**What is being asked**
Reproduce every record exactly as it appears, but not the pictures.
────────
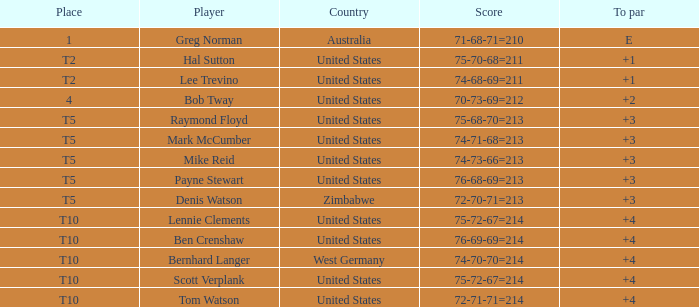Who is the competitor from the united states with a 75-70-68=211 score? Hal Sutton. 
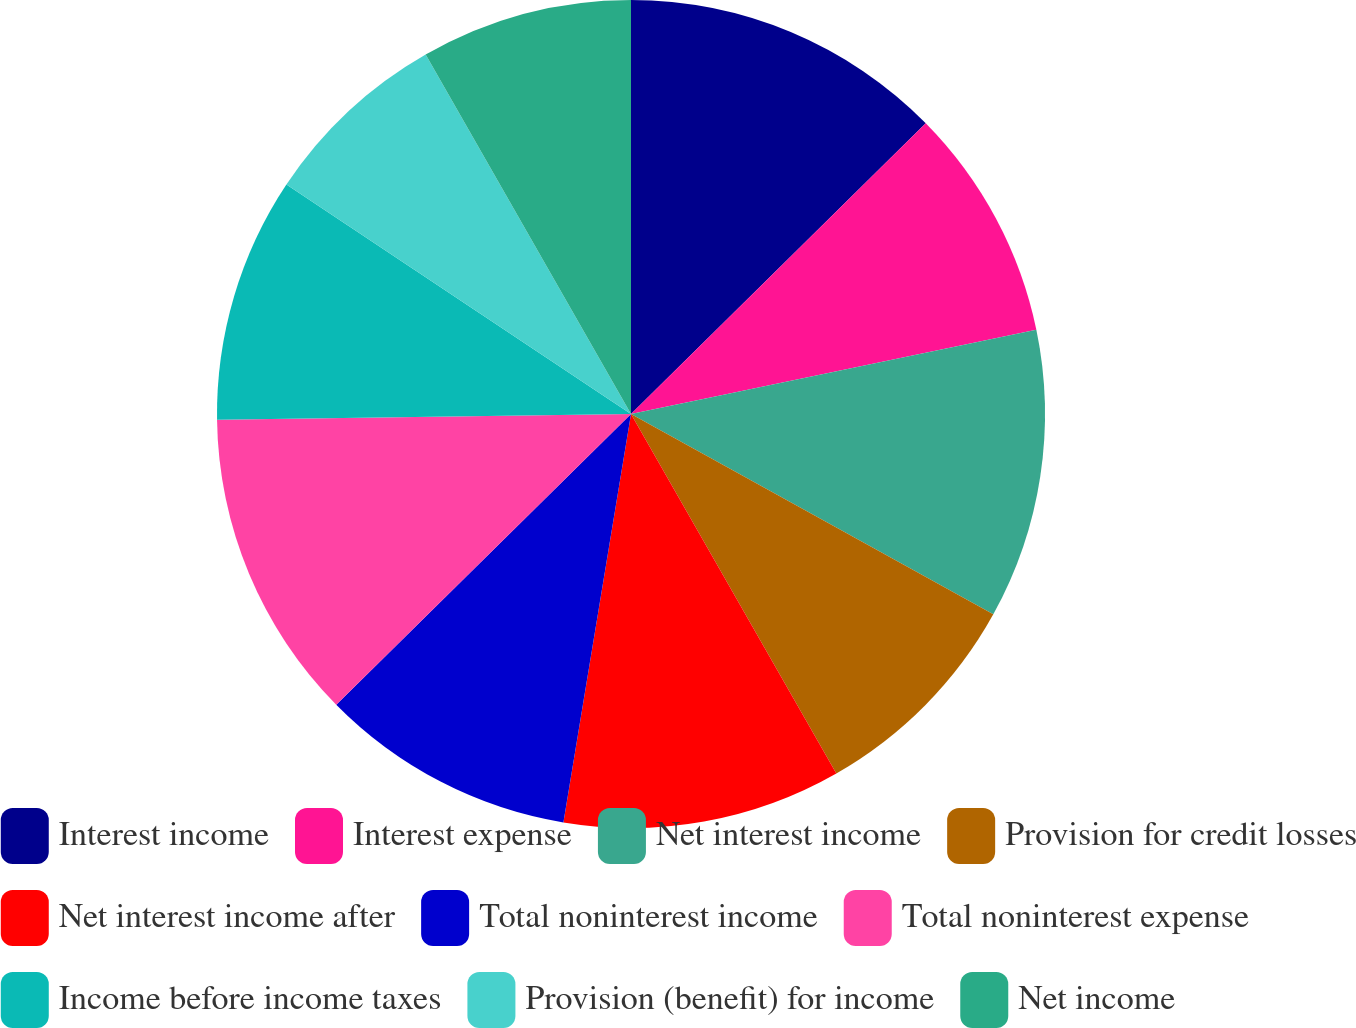Convert chart. <chart><loc_0><loc_0><loc_500><loc_500><pie_chart><fcel>Interest income<fcel>Interest expense<fcel>Net interest income<fcel>Provision for credit losses<fcel>Net interest income after<fcel>Total noninterest income<fcel>Total noninterest expense<fcel>Income before income taxes<fcel>Provision (benefit) for income<fcel>Net income<nl><fcel>12.61%<fcel>9.13%<fcel>11.3%<fcel>8.7%<fcel>10.87%<fcel>10.0%<fcel>12.17%<fcel>9.57%<fcel>7.39%<fcel>8.26%<nl></chart> 
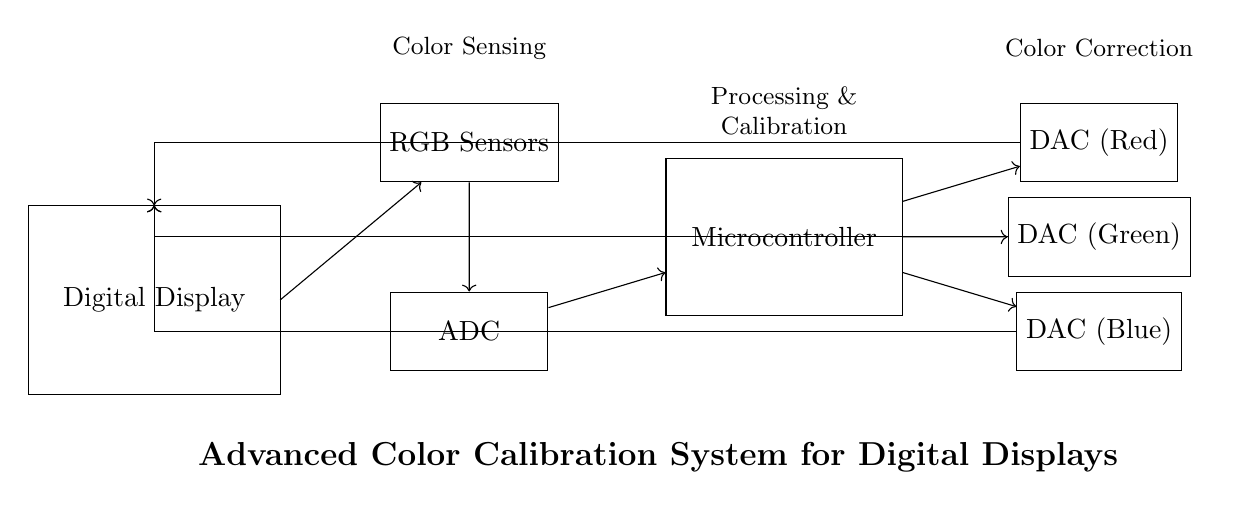What type of sensors are used in this system? The circuit diagram indicates that RGB sensors are employed for color sensing. This is visually represented by the labeled rectangle that reads "RGB Sensors."
Answer: RGB sensors How many DACs are present in the system? There are three DACs shown in the diagram, specifically labeled as DAC (Red), DAC (Green), and DAC (Blue). This confirms the presence of three separate digital-to-analog converters.
Answer: Three What is the role of the microcontroller? The microcontroller, indicated in the diagram, processes the input from the ADC and sends control signals to the DACs for color correction. This function is derived from its labeled role in the processing and calibration block connected to other components.
Answer: Processing and calibration Which components are directly receiving input from the ADC? The components receiving input from the ADC are the microcontroller and subsequently, the DACs (Red, Green, Blue). This is derived from the arrows indicating directional flow from the ADC to the microcontroller, which then directs to all three DACs.
Answer: Microcontroller Explain the flow of signals in the circuit. The signal flow starts from the RGB Sensors, which provide color data to the ADC for digitization. The digitized data is then sent to the microcontroller for processing and calibration, and finally, the microcontroller outputs signals to the DACs for correcting the colors. This is traced by following the arrows connecting all relevant components in sequence.
Answer: RGB Sensors -> ADC -> Microcontroller -> DACs
────────
**Output of the task**
Who is the competitor from the united states with a 75-70-68=211 score? Hal Sutton. 
Convert chart. <chart><loc_0><loc_0><loc_500><loc_500><pie_chart><fcel>Interest income<fcel>Interest expense<fcel>Net interest income<fcel>Provision for credit losses<fcel>Net interest income after<fcel>Total noninterest income<fcel>Total noninterest expense<fcel>Income before income taxes<fcel>Provision (benefit) for income<fcel>Net income<nl><fcel>12.61%<fcel>9.13%<fcel>11.3%<fcel>8.7%<fcel>10.87%<fcel>10.0%<fcel>12.17%<fcel>9.57%<fcel>7.39%<fcel>8.26%<nl></chart> 
What type of sensors are used in this system? The circuit diagram indicates that RGB sensors are employed for color sensing. This is visually represented by the labeled rectangle that reads "RGB Sensors."
Answer: RGB sensors How many DACs are present in the system? There are three DACs shown in the diagram, specifically labeled as DAC (Red), DAC (Green), and DAC (Blue). This confirms the presence of three separate digital-to-analog converters.
Answer: Three What is the role of the microcontroller? The microcontroller, indicated in the diagram, processes the input from the ADC and sends control signals to the DACs for color correction. This function is derived from its labeled role in the processing and calibration block connected to other components.
Answer: Processing and calibration Which components are directly receiving input from the ADC? The components receiving input from the ADC are the microcontroller and subsequently, the DACs (Red, Green, Blue). This is derived from the arrows indicating directional flow from the ADC to the microcontroller, which then directs to all three DACs.
Answer: Microcontroller Explain the flow of signals in the circuit. The signal flow starts from the RGB Sensors, which provide color data to the ADC for digitization. The digitized data is then sent to the microcontroller for processing and calibration, and finally, the microcontroller outputs signals to the DACs for correcting the colors. This is traced by following the arrows connecting all relevant components in sequence.
Answer: RGB Sensors -> ADC -> Microcontroller -> DACs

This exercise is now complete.